Assignment:
Take each line in the entries below that holds "Laar" and show it.

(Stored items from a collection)
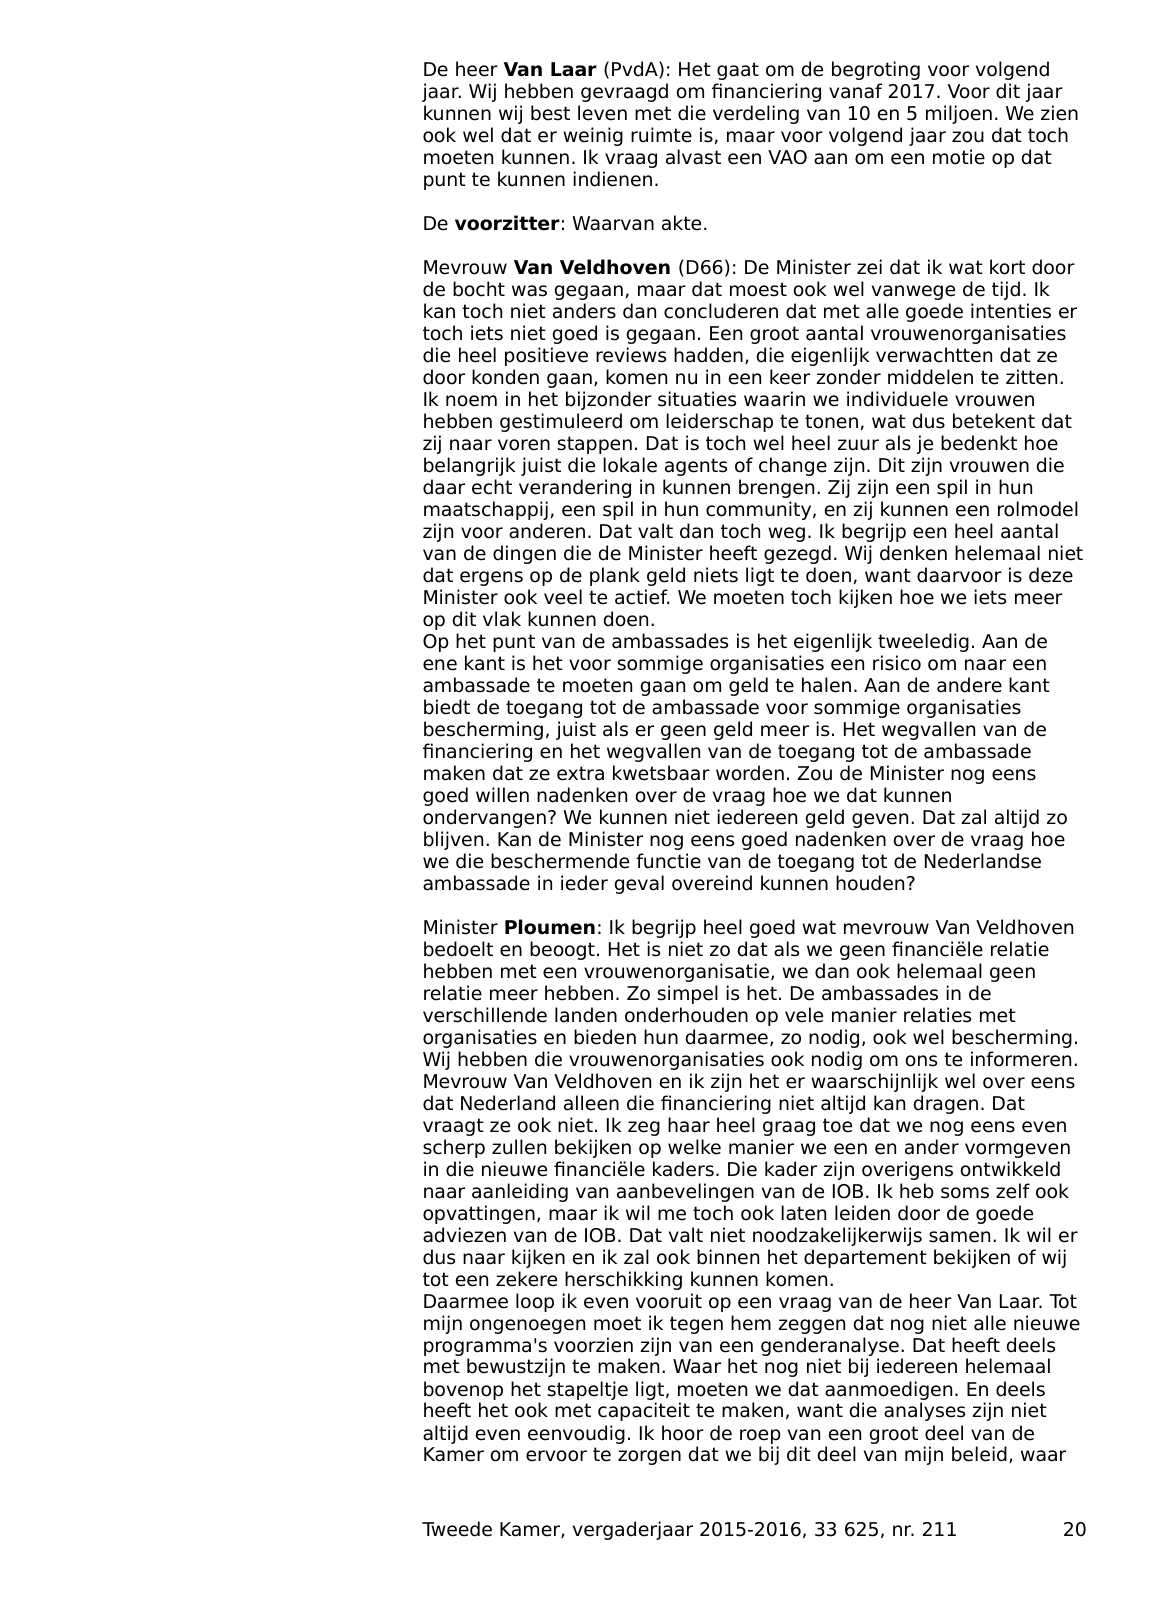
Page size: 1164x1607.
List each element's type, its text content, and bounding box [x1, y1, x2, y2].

text Mevrouw Van Veldhoven (D66): De Minister zei dat ik wat kort door de bocht was gegaan, maar dat moest ook wel vanwege de tijd. Ik kan toch niet anders dan concluderen dat met alle goede intenties er toch iets niet goed is gegaan. Een groot aantal vrouwenorganisaties die heel positieve reviews hadden, die eigenlijk verwachtten dat ze door konden gaan, komen nu in een keer zonder middelen te zitten. Ik noem in het bijzonder situaties waarin we individuele vrouwen hebben gestimuleerd om leiderschap te tonen, wat dus betekent dat zij naar voren stappen. Dat is toch wel heel zuur als je bedenkt hoe belangrijk juist die lokale agents of change zijn. Dit zijn vrouwen die daar echt verandering in kunnen brengen. Zij zijn een spil in hun maatschappij, een spil in hun community, en zij kunnen een rolmodel zijn voor anderen. Dat valt dan toch weg. Ik begrijp een heel aantal van de dingen die de Minister heeft gezegd. Wij denken helemaal niet dat ergens op de plank geld niets ligt te doen, want daarvoor is deze Minister ook veel te actief. We moeten toch kijken hoe we iets meer op dit vlak kunnen doen. [422, 257, 1087, 631]
text De heer Van Laar (PvdA): Het gaat om de begroting voor volgend jaar. Wij hebben gevraagd om financiering vanaf 2017. Voor dit jaar kunnen wij best leven met die verdeling van 10 en 5 miljoen. We zien ook wel dat er weinig ruimte is, maar voor volgend jaar zou dat toch moeten kunnen. Ik vraag alvast een VAO aan om een motie op dat punt te kunnen indienen. [422, 59, 1087, 191]
text Daarmee loop ik even vooruit op een vraag van de heer Van Laar. Tot mijn ongenoegen moet ik tegen hem zeggen dat nog niet alle nieuwe programma's voorzien zijn van een genderanalyse. Dat heeft deels met bewustzijn te maken. Waar het nog niet bij iedereen helemaal bovenop het stapeltje ligt, moeten we dat aanmoedigen. En deels heeft het ook met capaciteit te maken, want die analyses zijn niet altijd even eenvoudig. Ik hoor de roep van een groot deel van de Kamer om ervoor te zorgen dat we bij dit deel van mijn beleid, waar [422, 1291, 1087, 1466]
text Minister Ploumen: Ik begrijp heel goed wat mevrouw Van Veldhoven bedoelt en beoogt. Het is niet zo dat als we geen financiële relatie hebben met een vrouwenorganisatie, we dan ook helemaal geen relatie meer hebben. Zo simpel is het. De ambassades in de verschillende landen onderhouden op vele manier relaties met organisaties en bieden hun daarmee, zo nodig, ook wel bescherming. Wij hebben die vrouwenorganisaties ook nodig om ons te informeren. [422, 917, 1087, 1071]
text Op het punt van de ambassades is het eigenlijk tweeledig. Aan de ene kant is het voor sommige organisaties een risico om naar een ambassade te moeten gaan om geld te halen. Aan de andere kant biedt de toegang tot de ambassade voor sommige organisaties bescherming, juist als er geen geld meer is. Het wegvallen van de financiering en het wegvallen van de toegang tot de ambassade maken dat ze extra kwetsbaar worden. Zou de Minister nog eens goed willen nadenken over de vraag hoe we dat kunnen ondervangen? We kunnen niet iedereen geld geven. Dat zal altijd zo blijven. Kan de Minister nog eens goed nadenken over de vraag hoe we die beschermende functie van de toegang tot de Nederlandse ambassade in ieder geval overeind kunnen houden? [422, 631, 1087, 895]
text Mevrouw Van Veldhoven en ik zijn het er waarschijnlijk wel over eens dat Nederland alleen die financiering niet altijd kan dragen. Dat vraagt ze ook niet. Ik zeg haar heel graag toe dat we nog eens even scherp zullen bekijken op welke manier we een en ander vormgeven in die nieuwe financiële kaders. Die kader zijn overigens ontwikkeld naar aanleiding van aanbevelingen van de IOB. Ik heb soms zelf ook opvattingen, maar ik wil me toch ook laten leiden door de goede adviezen van de IOB. Dat valt niet noodzakelijkerwijs samen. Ik wil er dus naar kijken en ik zal ook binnen het departement bekijken of wij tot een zekere herschikking kunnen komen. [422, 1071, 1087, 1291]
text De voorzitter: Waarvan akte. [422, 213, 1087, 235]
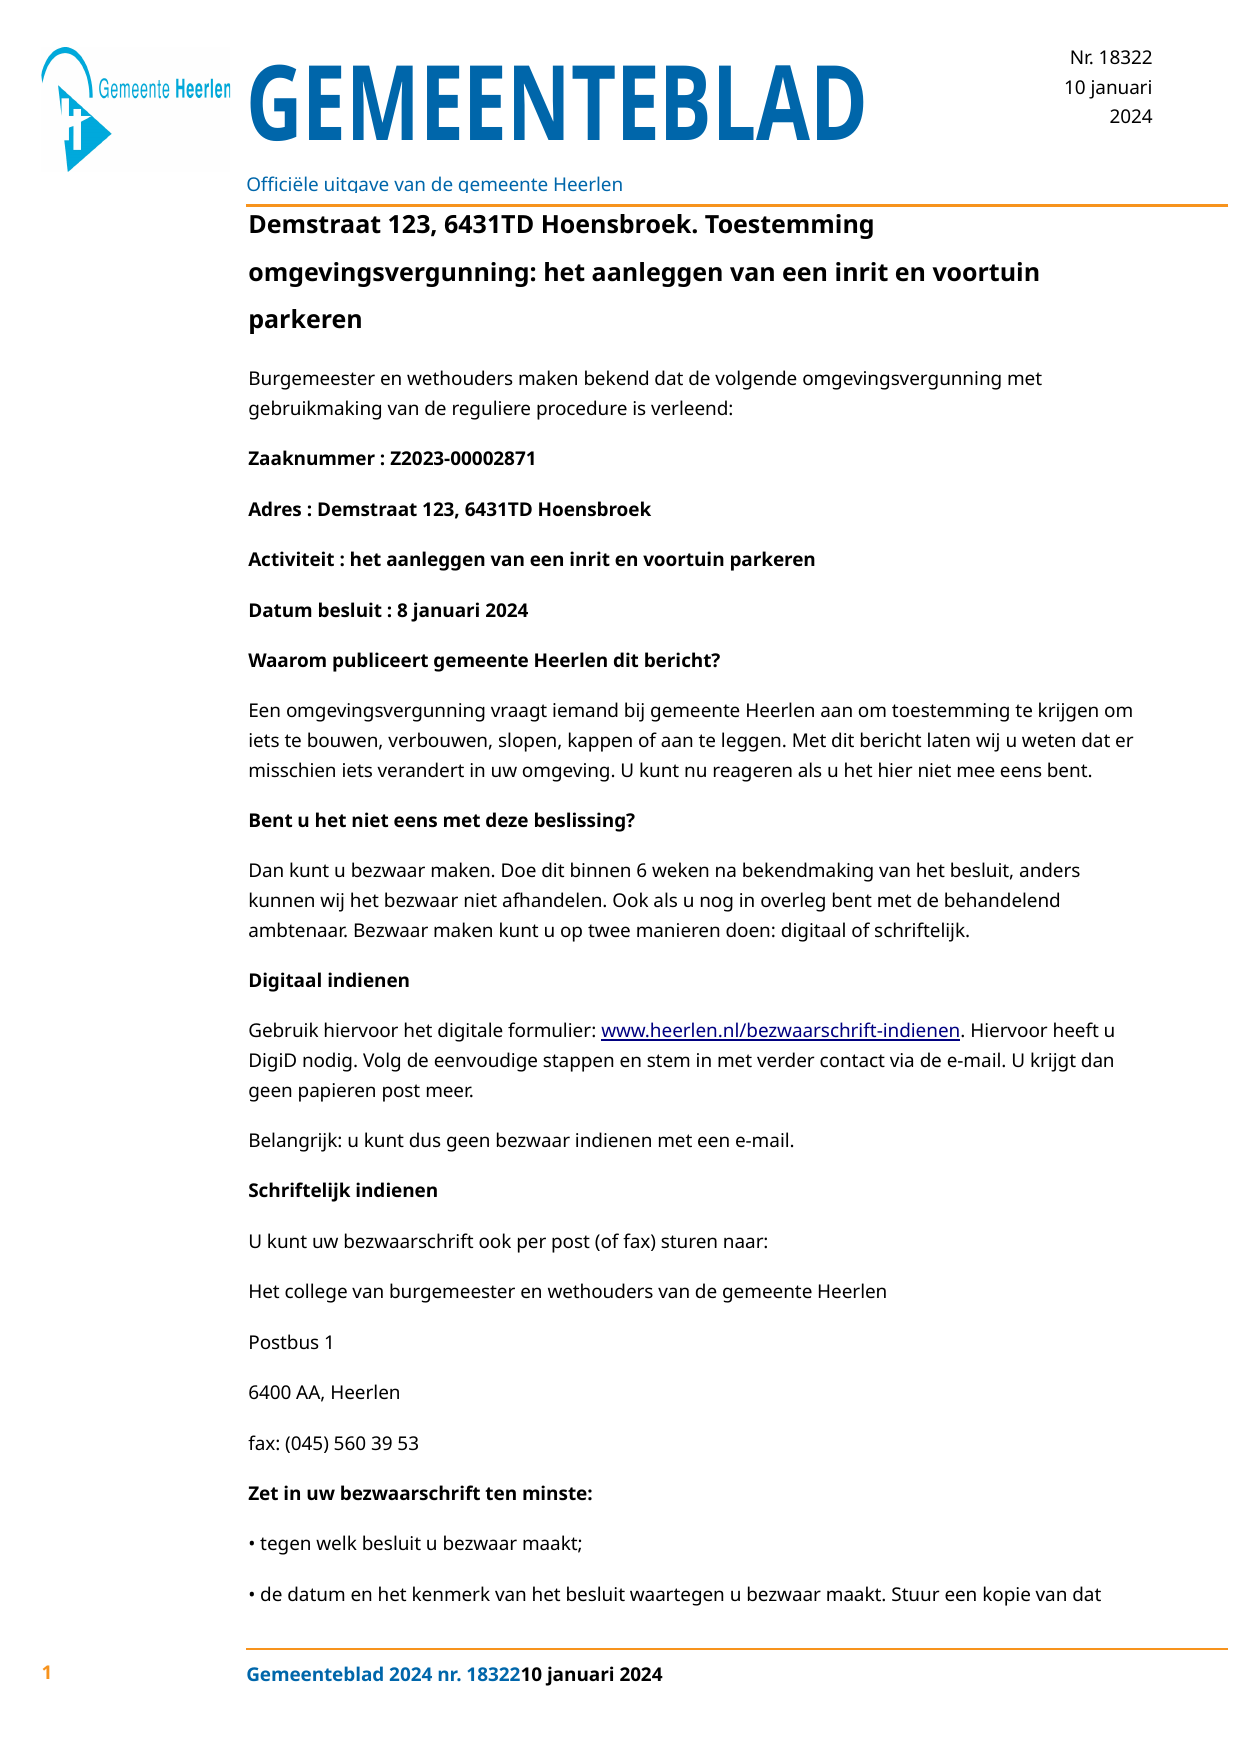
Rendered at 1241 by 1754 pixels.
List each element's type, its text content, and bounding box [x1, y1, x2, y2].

text Adres : Demstraat 123, 6431TD Hoensbroek [248, 496, 1152, 522]
text U kunt uw bezwaarschrift ook per post (of fax) sturen naar: [248, 1228, 1152, 1254]
text Een omgevingsvergunning vraagt iemand bij gemeente Heerlen aan om toestemming te krijgen om iets te bouwen, verbouwen, slopen, kappen of aan te leggen. Met dit bericht laten wij u weten dat er misschien iets verandert in uw omgeving. U kunt nu reageren als u het hier niet mee eens bent. [248, 698, 1152, 782]
text Postbus 1 [248, 1329, 1152, 1354]
text Burgemeester en wethouders maken bekend dat de volgende omgevingsvergunning met gebruikmaking van de reguliere procedure is verleend: [248, 366, 1152, 421]
text Activiteit : het aanleggen van een inrit en voortuin parkeren [248, 546, 1152, 572]
text Zet in uw bezwaarschrift ten minste: [248, 1480, 1152, 1506]
text • tegen welk besluit u bezwaar maakt; [248, 1531, 1152, 1556]
text Schriftelijk indienen [248, 1178, 1152, 1203]
text Het college van burgemeester en wethouders van de gemeente Heerlen [248, 1278, 1152, 1304]
text Datum besluit : 8 januari 2024 [248, 597, 1152, 622]
text Bent u het niet eens met deze beslissing? [248, 807, 1152, 833]
text 6400 AA, Heerlen [248, 1379, 1152, 1405]
text Gebruik hiervoor het digitale formulier: www.heerlen.nl/bezwaarschrift-indienen. Hiervoor heeft u DigiD nodig. Volg de eenvoudige stappen en stem in met verder contact via de e-mail. U krijgt dan geen papieren post meer. [248, 1018, 1152, 1102]
text Belangrijk: u kunt dus geen bezwaar indienen met een e-mail. [248, 1127, 1152, 1153]
picture [41, 47, 231, 172]
text Digitaal indienen [248, 967, 1152, 993]
text • de datum en het kenmerk van het besluit waartegen u bezwaar maakt. Stuur een kopie van dat [248, 1581, 1152, 1607]
text Zaaknummer : Z2023-00002871 [248, 446, 1152, 471]
text fax: (045) 560 39 53 [248, 1430, 1152, 1455]
text Waarom publiceert gemeente Heerlen dit bericht? [248, 647, 1152, 673]
picture [41, 47, 59, 70]
text Dan kunt u bezwaar maken. Doe dit binnen 6 weken na bekendmaking van het besluit, anders kunnen wij het bezwaar niet afhandelen. Ook als u nog in overleg bent met de behandelend ambtenaar. Bezwaar maken kunt u op twee manieren doen: digitaal of schriftelijk. [248, 858, 1152, 942]
text Demstraat 123, 6431TD Hoensbroek. Toestemming omgevingsvergunning: het aanleggen van een inrit en voortuin parkeren [248, 207, 1152, 336]
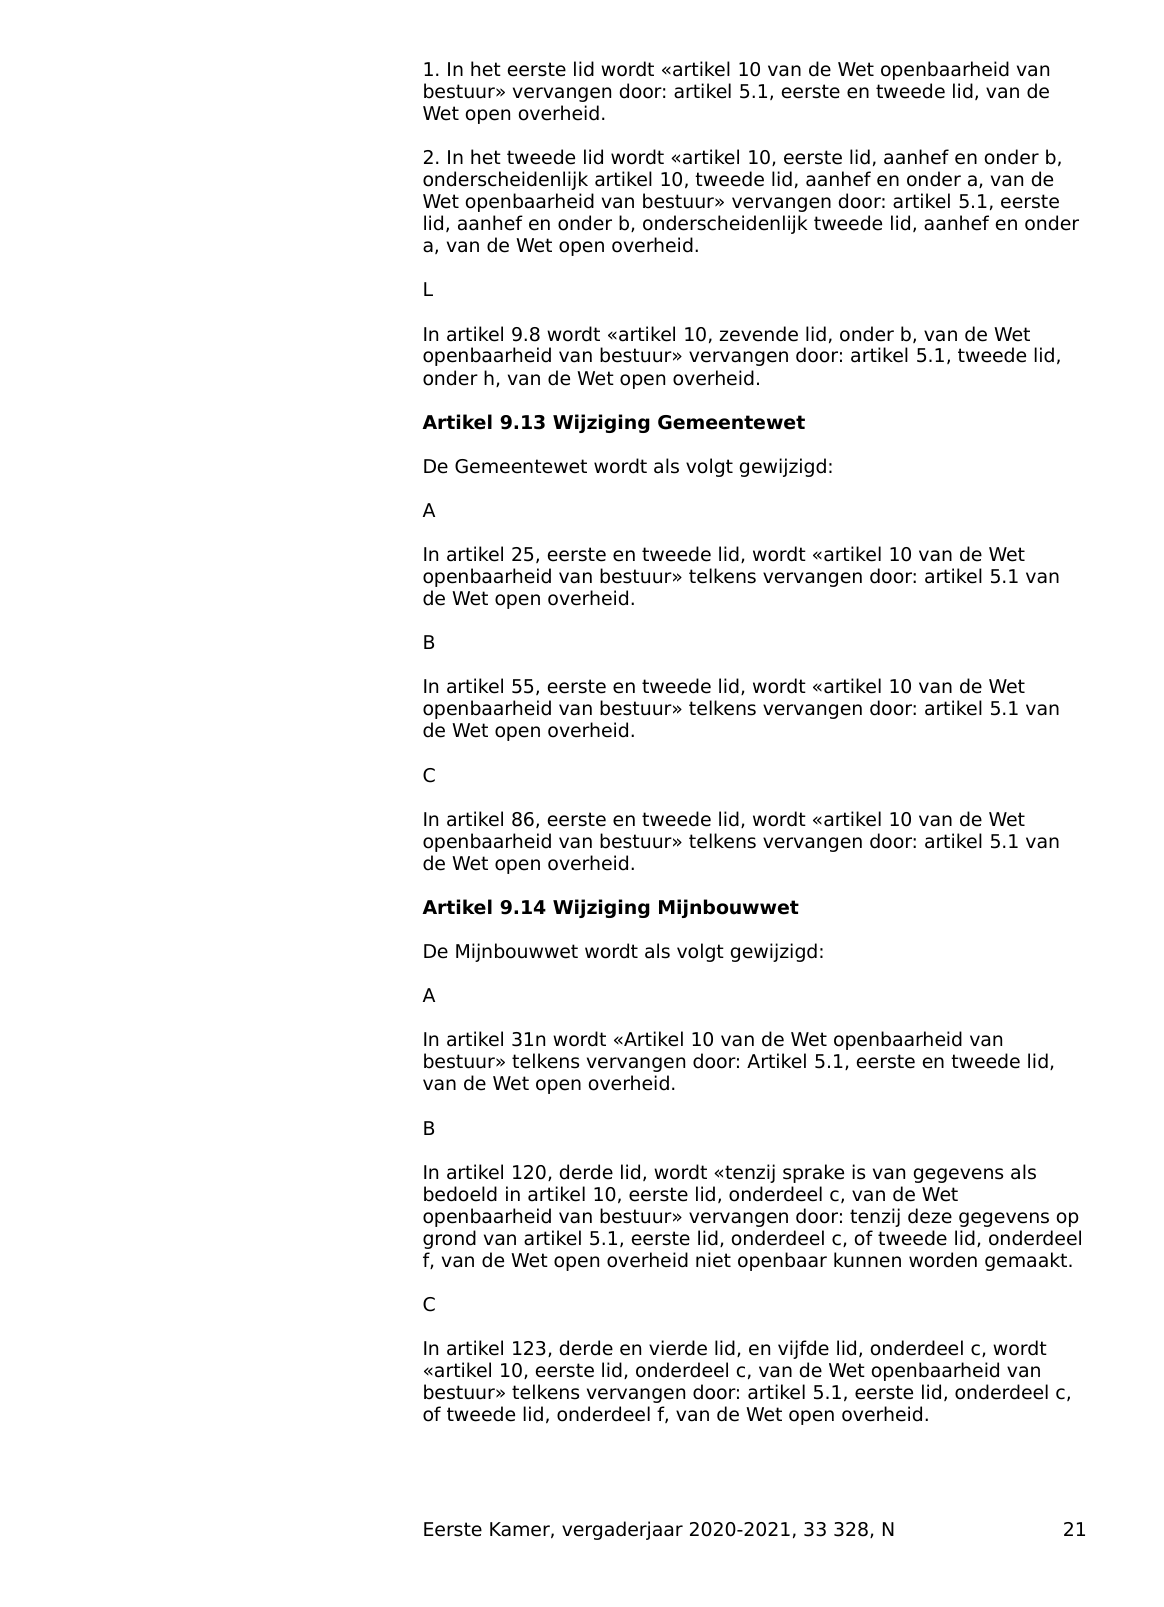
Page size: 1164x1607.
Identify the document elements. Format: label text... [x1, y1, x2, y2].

text In artikel 86, eerste en tweede lid, wordt «artikel 10 van de Wet openbaarheid van bestuur» telkens vervangen door: artikel 5.1 van de Wet open overheid. [422, 809, 1087, 874]
text In artikel 25, eerste en tweede lid, wordt «artikel 10 van de Wet openbaarheid van bestuur» telkens vervangen door: artikel 5.1 van de Wet open overheid. [422, 544, 1087, 610]
subtitle C [422, 764, 1087, 786]
text In artikel 9.8 wordt «artikel 10, zevende lid, onder b, van de Wet openbaarheid van bestuur» vervangen door: artikel 5.1, tweede lid, onder h, van de Wet open overheid. [422, 323, 1087, 389]
subtitle A [422, 985, 1087, 1007]
subtitle C [422, 1294, 1087, 1316]
text 2. In het tweede lid wordt «artikel 10, eerste lid, aanhef en onder b, onderscheidenlijk artikel 10, tweede lid, aanhef en onder a, van de Wet openbaarheid van bestuur» vervangen door: artikel 5.1, eerste lid, aanhef en onder b, onderscheidenlijk tweede lid, aanhef en onder a, van de Wet open overheid. [422, 147, 1087, 257]
text 1. In het eerste lid wordt «artikel 10 van de Wet openbaarheid van bestuur» vervangen door: artikel 5.1, eerste en tweede lid, van de Wet open overheid. [422, 59, 1087, 125]
text In artikel 31n wordt «Artikel 10 van de Wet openbaarheid van bestuur» telkens vervangen door: Artikel 5.1, eerste en tweede lid, van de Wet open overheid. [422, 1029, 1087, 1095]
subtitle A [422, 500, 1087, 522]
subtitle Artikel 9.14 Wijziging Mijnbouwwet [422, 897, 1087, 919]
subtitle Artikel 9.13 Wijziging Gemeentewet [422, 412, 1087, 433]
subtitle L [422, 279, 1087, 301]
subtitle B [422, 632, 1087, 654]
text In artikel 55, eerste en tweede lid, wordt «artikel 10 van de Wet openbaarheid van bestuur» telkens vervangen door: artikel 5.1 van de Wet open overheid. [422, 676, 1087, 742]
text In artikel 123, derde en vierde lid, en vijfde lid, onderdeel c, wordt «artikel 10, eerste lid, onderdeel c, van de Wet openbaarheid van bestuur» telkens vervangen door: artikel 5.1, eerste lid, onderdeel c, of tweede lid, onderdeel f, van de Wet open overheid. [422, 1338, 1087, 1426]
text De Mijnbouwwet wordt als volgt gewijzigd: [422, 941, 1087, 963]
text In artikel 120, derde lid, wordt «tenzij sprake is van gegevens als bedoeld in artikel 10, eerste lid, onderdeel c, van de Wet openbaarheid van bestuur» vervangen door: tenzij deze gegevens op grond van artikel 5.1, eerste lid, onderdeel c, of tweede lid, onderdeel f, van de Wet open overheid niet openbaar kunnen worden gemaakt. [422, 1162, 1087, 1271]
subtitle B [422, 1117, 1087, 1139]
text De Gemeentewet wordt als volgt gewijzigd: [422, 456, 1087, 478]

Written solution:
text De heer Van Laar (PvdA): Het gaat om de begroting voor volgend jaar. Wij hebben gevraagd om financiering vanaf 2017. Voor dit jaar kunnen wij best leven met die verdeling van 10 en 5 miljoen. We zien ook wel dat er weinig ruimte is, maar voor volgend jaar zou dat toch moeten kunnen. Ik vraag alvast een VAO aan om een motie op dat punt te kunnen indienen. [422, 59, 1087, 191]
text Daarmee loop ik even vooruit op een vraag van de heer Van Laar. Tot mijn ongenoegen moet ik tegen hem zeggen dat nog niet alle nieuwe programma's voorzien zijn van een genderanalyse. Dat heeft deels met bewustzijn te maken. Waar het nog niet bij iedereen helemaal bovenop het stapeltje ligt, moeten we dat aanmoedigen. En deels heeft het ook met capaciteit te maken, want die analyses zijn niet altijd even eenvoudig. Ik hoor de roep van een groot deel van de Kamer om ervoor te zorgen dat we bij dit deel van mijn beleid, waar [422, 1291, 1087, 1466]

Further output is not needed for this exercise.